Пётр Вершигора - Дом родной
И тогда он уезжал на несколько дней в «Орлы», к саперам, к Евсеевне и Шамраю, к Горюну.
Он уже настолько освоился в «Орлах», что знал привычки, повадки руководящих товарищей: председателя, членов правления и особенно бригадиров трех полеводческих бригад, завфермой рогатого скота, ну и, конечно, заведующего фермой кроликов, которая, став племенной, имела теперь особое значение, а также бригадиров строителей и огородников.

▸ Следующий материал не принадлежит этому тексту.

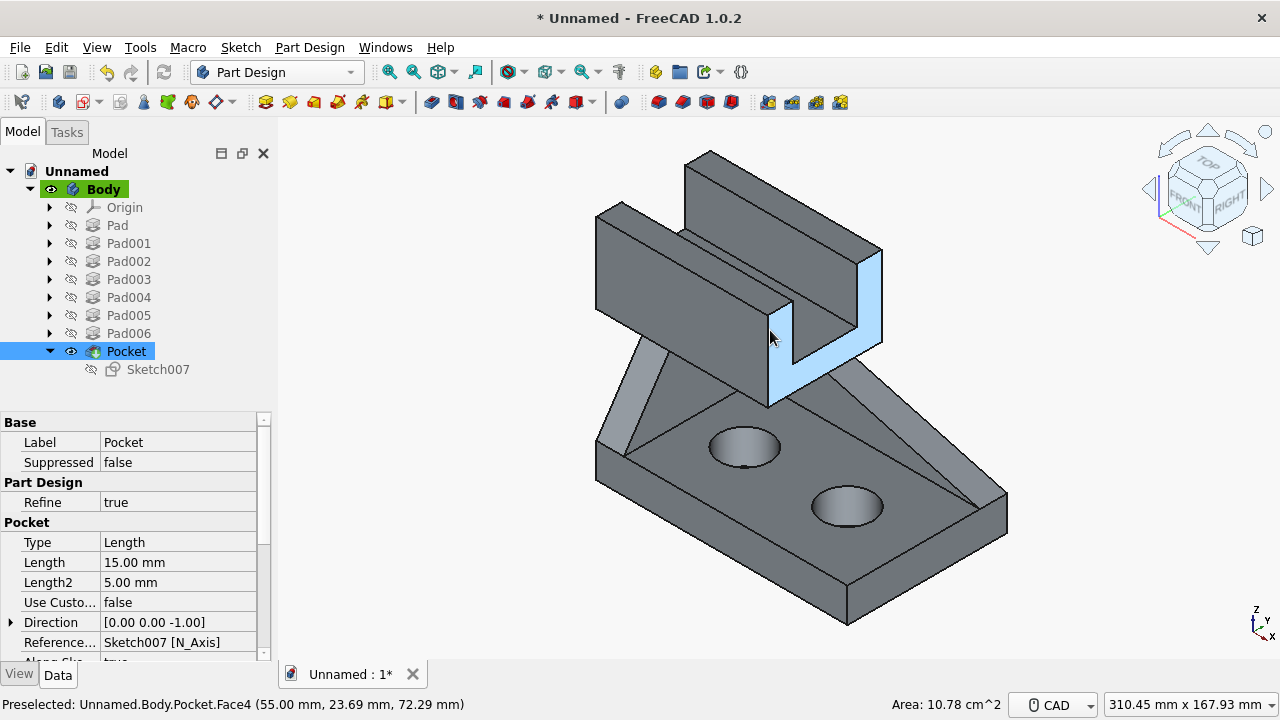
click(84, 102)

Побывав за зиму на двух-трех собраниях актива и на одном общеколхозном, Зуев еще с большим уважением стал относиться к колхозникам этого села. Там жили люди самостоятельные, с повышенным чувством достоинства, что особенно заметно стало после Великой Отечественной войны. Большинство мужчин честно отвоевались на фронтах, среди них — около двух десятков бывших партизан. Немало было и орденоносцев. Приглядываясь к этим людям еще зимой, Зуев не мог достаточно полно ощутить эту особенность. Собрания и заседания зимними вечерами проходили в неуютной, плохо протопленной комнате правления или в холодном красном уголке с тусклым керосиновым освещением. Люди сидели без шапок, но не снимали ватников, полушубков и другой теплой одежды. Только на колхозном собрании, состоявшемся днем в воскресенье, снова бросилось в глаза Зуеву, сколько там было орденоносцев.

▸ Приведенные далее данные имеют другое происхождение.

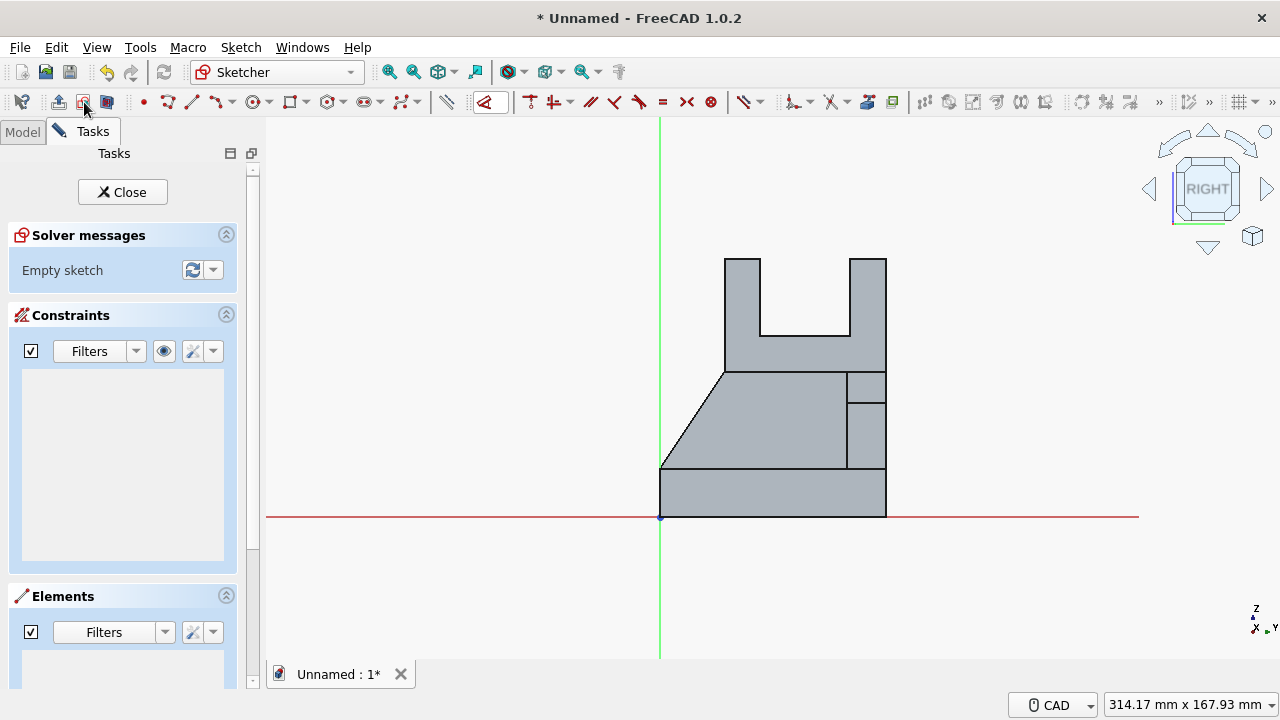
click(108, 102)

И вот, как тогда на активе, недовольство саперами прорвалось и на этом колхозном собрании.
Особенно досталось старшине Чернозубу.
— Это же совсем разложившийся человек, — разводил руками тот самый бригадир Свечколап, которому попало когда-то за «штатный» самогонный аппарат. — Ну, я понимаю, угощение там, после рабочего дня, особливо зимой, с ветру-холоду. Разве ж мы не люди? Сами не воевали, или как? А это ж прямо нормы требуют.
— Да еще авансом.
— Пускай у своей Горпыны и получал бы аванс, — раздался из угла женский голос, и хохот простуженных мужских глоток заставил задрожать стекла.
— Хорошо тебе, Марфа, — отвечала другая. — Без мяса и жук говядина.
Зуев подумал, что это и есть Горпына, вдова лейтенанта Алехина.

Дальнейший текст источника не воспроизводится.